Graph-o-mania: The Flowering of a New Visual Paradigm in Business Analytics
James Kobielus 06000021Q7 email@example.com | 2013-02-14 12:24:11.0 | Tags:  analysis big graph data; | 0 Comments | 5,246 Visits
Graph analysis is all the rage these days, and not just among
data scientists. It's not a new discipline, but, to the larger business and
consumer public over the past few years, it has seemingly come out of nowhere.
Graph analysis is,
at heart, a mathematical
approach for mapping complex relationships among networks of nodes. Graph
modeling is an established branch of statistical modeling that focuses on
mining, mapping, visualizing, and exploring connections, interactions, and
affinities. What distinguishes graph analysis is a focus on "graphs,"
which are abstract networks of relationships (known as "links") among
"nodes" (which may be individuals, groups, companies, products,
systems, objects, concepts, words, and other entities). In addition to
applications in social and semantic applications, graph analysis has
well-established uses in scientific, engineering, and other domains.
Of the technology's many uses, social graph analysis is most
popular, thriving on the gusher of customer intelligence flowing from online
communities of all shapes and sizes. In
addition to customer profiles and other contextual data, modelers may
incorporate a huge range of behavioral information into social graph models.
The behavioral data sources might include Facebook status updates, tweets,
portal clickstreams, geospatial coordinates, transaction records, interest
profiles, call detail records, and usage logs. Social graphs may also
incorporate diverse streams of big data--structured and unstructured, user- and
machine-generated, etc.--that issue from social media as well as from B2C
communities, B2B supply chains, and enterprise applications.
The recent mania for all things "graph" stems in
part from increased use of the word in social-media contexts. Most noteworthy
is Facebook's recent rollout of the
search" feature of its online community. This builds on the "social graph" that
Facebook announced 3 years ago, which maps the explicit and implicit
relationships among members based on their profiles, timelines, and behaviors
within that community.
has stoked the popular buzz for graph analysis, but it's far from the only
appearance of this technology in the mainstream consciousness. The Internet is swarming
with discussions of graphs in every possible big-data, data-science,
digital-marketing, search-optimization, and other application context. Often, graphs
are touted as some sort of secret sauce in new consumer-facing cloud services.
In addition, the business world continues to adopt graph technology, encouraged
by its proven value in anti-fraud, influence profiling,
behavioral segmentation, customer experience management, and other applications.
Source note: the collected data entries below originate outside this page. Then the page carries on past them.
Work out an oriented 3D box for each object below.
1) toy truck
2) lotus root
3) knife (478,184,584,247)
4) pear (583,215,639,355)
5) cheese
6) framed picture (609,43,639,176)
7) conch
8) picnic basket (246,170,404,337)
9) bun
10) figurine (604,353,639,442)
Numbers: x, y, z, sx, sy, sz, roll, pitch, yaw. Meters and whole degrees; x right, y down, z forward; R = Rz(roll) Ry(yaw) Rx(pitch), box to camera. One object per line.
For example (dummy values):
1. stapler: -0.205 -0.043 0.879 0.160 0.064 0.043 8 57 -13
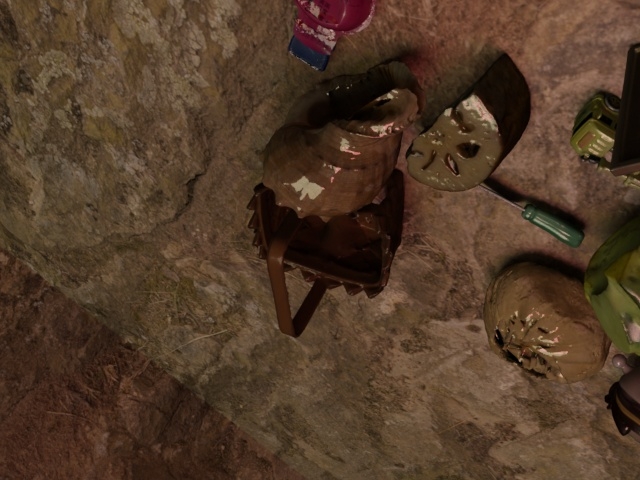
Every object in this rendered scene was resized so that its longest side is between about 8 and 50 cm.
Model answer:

However, I like to think there's an even simpler reason why graphs have become so popular: they're beautiful to behold. Pictures are worth a thousand words, and graphs, even when they're as densely packed as the Milky Way galaxy, generate some of the most gorgeous analytic visualizations you will ever see. Graph visualizations have an almost magnetic pull on your imagination. If it leverages solid data, a plausible model, and an interactive visualization tool, a graph can immerse you in an open-ended session of navigation, manipulation, and exploration.
Your aesthetics may be different from mine, but I find them mesmerizing. For example, here's a "citation graph" from IBM Research (http://www.research.ibm.com/haifa/dept/imt/papers/jacoviCSCW06.pdf):
Here's the social network graph of one individual, the famed mathematician Paul Erdos, who had no permanent address and was a house guest of one friend after another (http://www.orgnet.com/Erdos.html):
And here's a social graph (http://successfulworkplace.com/2012/11/17/the-social-graph-can-save-your-life/):
You can graph almost any complex data set in ways that are not only lovely to look at but also help the human mind pull out meaningful patterns in a way that pure data, numbers, or other visualizations rarely do. Interactive exploration is where graph analysis truly comes to life, but a static graph can be a thing of deep beauty and meaning in its own right. To see what I mean, type these keywords into Google, click "images" in the bar at the top of the page, and behold the diverse graph visualizations associated with each domain: relationship graph, influence graph, behavioral graph, experience graph, location graph, network graph, affinity graph, and semantic graph.
Even when a graph analysis application eschews pictorial "nodes and connections" visualization, it can still be quite compelling. For example, here's the grid/outline format that Facebook uses to render social graphs.
Graphs draw their power from concise visualization. Even when it balloons to include myriad nodes and connections, a well-crafted graph can focus your mind beautifully on meaningful patterns in the underlying data.